> **Exercise data**
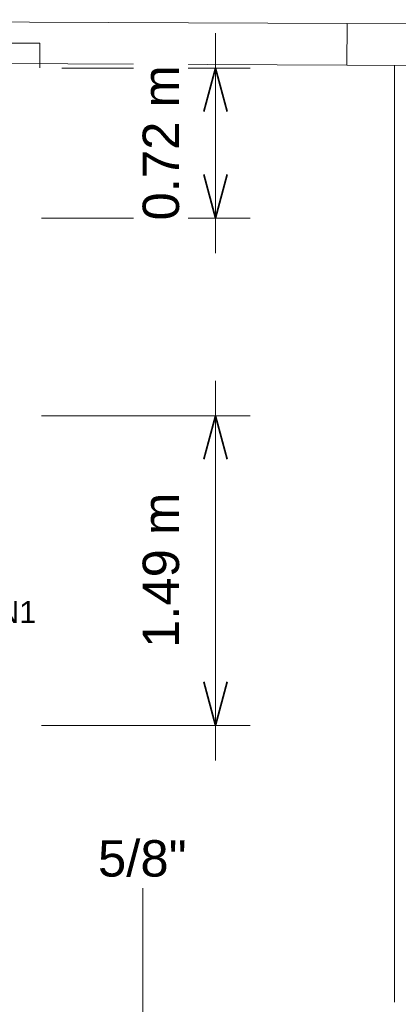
# Model space of a CAD drawing. Header units: millimetres. Extents: x -12740 to 214440, y -11012 to 10812.
# Tile 141 of 168: x -108 to 1712, y 5652 to 10389. Entities that reach past the tile are written whole.
import ezdxf

# ---------------------------------------------------------------- set-up
doc = ezdxf.new("R2010")
doc.units = ezdxf.units.MM
for name, color, linetype, lineweight in [('A-ANNO-DIMS', 211, 'Continuous', 9), ('A-ANNO-DIMS-70', 211, 'Continuous', 9), ('M-EQPM-IDEN', 50, 'Continuous', 9), ('P-PIPE-IDEN', 2, 'Continuous', 9), ('PAREDES', 7, 'Continuous', 18), ('PEM1-Layout Superior_dwg', 8, 'Continuous', 18), ('PILAR', 7, 'Continuous', 18)]:
    doc.layers.add(name, color=color, linetype=linetype, lineweight=lineweight)
doc.styles.add('Arial_1', font='arial.ttf', dxfattribs={"height": 175})
doc.styles.add('Arial_2', font='arial.ttf', dxfattribs={"height": 105})
doc.dimstyles.new('Diagonal_-_2_5_mm_Arial_1', dxfattribs={"dimscale": 304.8, "dimtxt": 178.545395, "dimasz": 0.688976, "dimexe": 0.551181, "dimexo": 0.344488, "dimgap": 0.401903, "dimtad": 1, "dimlfac": 0.001, "dimrnd": 0.01, "dimzin": 0, "dimdsep": 46, "dimtxsty": 'Arial_1', "dimblk1": 'OPEN30', "dimblk2": 'OPEN30', "dimsah": 1, "dimcen": 0.09, "dimdle": 0.551181, "dimazin": 0, "dimtfac": 1, "dimtdec": 4, "dimtix": 1, "dimtmove": 0, "dimatfit": 3, "dimfxl": 1, "dimtvp": 1, "dimtfill": 1, "dimtolj": 1, "dimtzin": 0, "dimarcsym": 2})

# ---------------------------------------------------------------- blocks, each defined once
blk = doc.blocks.new('PEM1-Layout Superior_dwg-964791-PAVIMENTO SUPERIOR TUBULAÇÃO FRIGORIGENA')
at = {"lineweight": 18, "flags": 128}
for points in [[(28211.3, 66734.3), (29823.3, 66734.3), (29823.3, 66614.6)], [(31529.3, 66626.7), (31529.3, 65013.7), (31529.3, 62120.7)]]:
    blk.add_lwpolyline(points, dxfattribs=at)
at = {"layer": 'PAREDES'}
blk.add_line((31299.3, 66628.1), (27400.4, 66645.7), dxfattribs=at)
at = {"layer": 'PAREDES', "flags": 128}
blk.add_lwpolyline([(31300.2, 66828.1), (27099.7, 66847), (27099.7, 65575.7), (27399.7, 65575.7), (27399.7, 66645.7)], dxfattribs=at)
at = {"layer": 'PILAR', "flags": 128}
blk.add_lwpolyline([(31300.2, 66828.1), (31600.2, 66826.7), (31599.3, 66626.7), (31299.3, 66628.1)], close=True, dxfattribs=at)
blk = doc.blocks.new('DIMBLOCK11-PAVIMENTO SUPERIOR TUBULAÇÃO FRIGORIGENA')
at = {"layer": 'A-ANNO-DIMS-70'}
for p, q in [((832.3, 6824.9), (832.3, 8652.1)), ((832.3, 8484.1), (-3.5, 8484.1)), ((832.3, 8484.1), (1000.3, 8484.1)), ((832.3, 6992.9), (-3.5, 6992.9)), ((832.3, 6992.9), (1000.3, 6992.9))]:
    blk.add_line(p, q, dxfattribs=at)
at = {"layer": 'A-ANNO-DIMS-70', "lineweight": 35}
for p, q in [((832.3, 8484.1), (776, 8274.1)), ((832.3, 8484.1), (888.6, 8274.1)), ((832.3, 6992.9), (776, 7202.9)), ((832.3, 6992.9), (888.6, 7202.9))]:
    blk.add_line(p, q, dxfattribs=at)
at = {"layer": 'A-ANNO-DIMS-70', "color": 0, "insert": (482.6, 7366.3), "char_height": 175, "width": 893.276, "attachment_point": 1, "rotation": 90, "line_spacing_factor": 0.941778, "style": 'Arial_1', "bg_fill": 3, "box_fill_scale": 1.25, "bg_fill_color": 256, "bg_fill_true_color": 13158600, "bg_fill_transparency": 0}
blk.add_mtext('1.49 m', dxfattribs=at)
blk = doc.blocks.new('_Open30')
at = {"color": 0, "linetype": 'ByBlock', "lineweight": -2}
for p, q in [((-1, 0.268), (0, 0)), ((0, 0), (-1, -0.268)), ((0, 0), (-1, 0))]:
    blk.add_line(p, q, dxfattribs=at)
blk = doc.blocks.new('DIMBLOCK12-PAVIMENTO SUPERIOR TUBULAÇÃO FRIGORIGENA')
at = {"layer": 'A-ANNO-DIMS-70'}
for p, q in [((832.3, 9266.1), (832.3, 10324.8)), ((832.3, 10156.8), (93.3, 10156.8)), ((832.3, 10156.8), (1000.3, 10156.8)), ((832.3, 9434.1), (-3.5, 9434.1)), ((832.3, 9434.1), (1000.3, 9434.1))]:
    blk.add_line(p, q, dxfattribs=at)
at = {"layer": 'A-ANNO-DIMS-70', "lineweight": 35}
for p, q in [((832.3, 10156.8), (776, 9946.8)), ((832.3, 10156.8), (888.6, 9946.8)), ((832.3, 9434.1), (776, 9644.1)), ((832.3, 9434.1), (888.6, 9644.1))]:
    blk.add_line(p, q, dxfattribs=at)
at = {"layer": 'A-ANNO-DIMS-70', "color": 0, "insert": (482.6, 9423.2), "char_height": 175, "width": 893.276, "attachment_point": 1, "rotation": 90, "line_spacing_factor": 0.941778, "style": 'Arial_1', "bg_fill": 3, "box_fill_scale": 1.25, "bg_fill_color": 256, "bg_fill_true_color": 13158600, "bg_fill_transparency": 0}
blk.add_mtext('0.72 m', dxfattribs=at)

msp = doc.modelspace()

# ---------------------------------------------------------------- linework, layer by layer
at = {"layer": 'P-PIPE-IDEN'}
msp.add_line((483.053, 5503.958), (483.053, 6211.058), dxfattribs=at)

# ---------------------------------------------------------------- block references
at = {"layer": 'PEM1-Layout Superior_dwg', "color": 7}
msp.add_blockref('PEM1-Layout Superior_dwg-964791-PAVIMENTO SUPERIOR TUBULAÇÃO FRIGORIGENA', (-29835.039, -56457.756), dxfattribs=at)

# ---------------------------------------------------------------- next in the draw order: texts
at = {"layer": 'P-PIPE-IDEN', "insert": (267.803, 6441.708), "char_height": 175, "width": 516.28675, "attachment_point": 1, "style": 'Arial_1', "bg_fill": 3, "box_fill_scale": 1.25, "bg_fill_color": 256, "bg_fill_true_color": 13158600, "bg_fill_transparency": 0}
msp.add_mtext('5/8"', dxfattribs=at)

# ---------------------------------------------------------------- next in the draw order: dimensions: what is measured, and where the dimension line sits
at = {"layer": 'A-ANNO-DIMS'}
for base, p1, p2, override, picture, middle in [((832.302, 10156.828), (-108.495, 9434.067), (-11.729, 10156.828), {"dimpost": '<> m', "dimfxl": 729.210092}, 'DIMBLOCK12-PAVIMENTO SUPERIOR TUBULAÇÃO FRIGORIGENA', (620.452, 9795.448)), ((832.302, 8484.067), (-108.495, 6992.874), (-108.495, 8484.067), {"dimpost": '<> m', "dimfxl": 1491.1926}, 'DIMBLOCK11-PAVIMENTO SUPERIOR TUBULAÇÃO FRIGORIGENA', (620.452, 7738.471))]:
    dim = msp.add_linear_dim(base=base, p1=p1, p2=p2, angle=90, dimstyle='Diagonal_-_2_5_mm_Arial_1', override=override, dxfattribs=at)
    dim.commit()
    dim.dimension.update_dxf_attribs({"geometry": picture, "text_midpoint": middle})

# ---------------------------------------------------------------- next in the draw order: texts
at = {"layer": 'M-EQPM-IDEN', "insert": (-1162.279, 7592.15), "char_height": 105, "width": 1397.34131, "attachment_point": 1, "style": 'Arial_2'}
msp.add_mtext('MI2-100Q4DHN1', dxfattribs=at)

doc.saveas('drawing.dxf')

> **Description of the task**
Show the lines of the entries that include the string "units", copying each in full.

> **Expected answer**
# Model space of a CAD drawing. Header units: millimetres. Extents: x -12740 to 214440, y -11012 to 10812.
doc.units = ezdxf.units.MM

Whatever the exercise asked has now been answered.